Quando Ana entrou, os sussurros recomeçaram.
— É humana…
— Como ela está viva?
— Isso é blasfêmia…
Kael ergueu a mão, e o silêncio caiu como uma lâmina.
— Esta mulher apareceu em minha floresta, ferida… e se curou diante dos olhos dos meus.
— Seu sangue é poderoso.
— E ninguém sabe de onde ela veio.
Um elfo de cabelos brancos se levantou, a voz como neve caindo:
— Isso é perigoso. E se for uma arma? Uma isca? Uma criação da magia proibida?
— Eu sou médica! — Ana disse, dando um passo à frente. — Eu salvava vidas. Nunca matei ninguém. Só quero voltar para minha casa!
— Ela mente — sussurrou uma fada com olhos negros. — Todas as criaturas mentem.

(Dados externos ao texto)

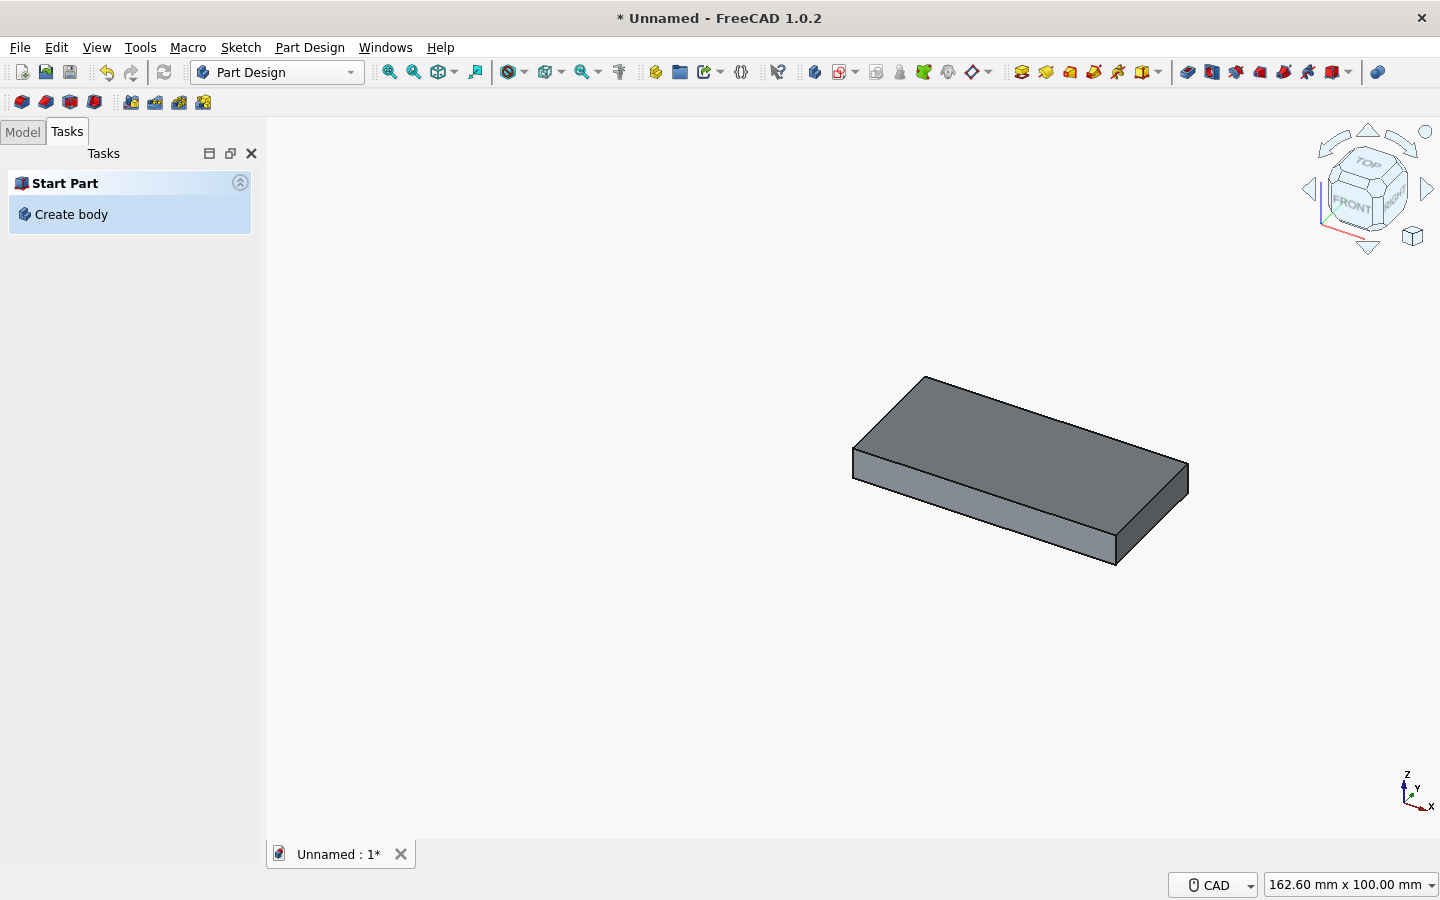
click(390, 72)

— Então vamos descobrir a verdade — disse Kael, e o silêncio ficou ainda mais tenso.
Ele desceu os degraus, aproximando-se dela. Seus olhos brilhavam com intensidade primal. E então, ele fez algo inesperado: cortou a palma da própria mão com uma adaga cerimonial. O sangue escorreu, rubro e quente.
— Cure-me.
Ana hesitou.
— O que…?
— Cure-me — repetiu ele, estendendo a mão ensanguentada.
O salão observava.
Ana respirou fundo, ignorando o tremor nas mãos. Ajoelhou-se diante dele e segurou sua mão ferida. O sangue escorria entre seus dedos. Quando fechou os olhos, sentiu o calor do ferimento, como se ele a chamasse. Seu coração acelerou. E então, ela sentiu: algo dentro dela despertou. Não era magia. Era algo mais antigo. Algo puro.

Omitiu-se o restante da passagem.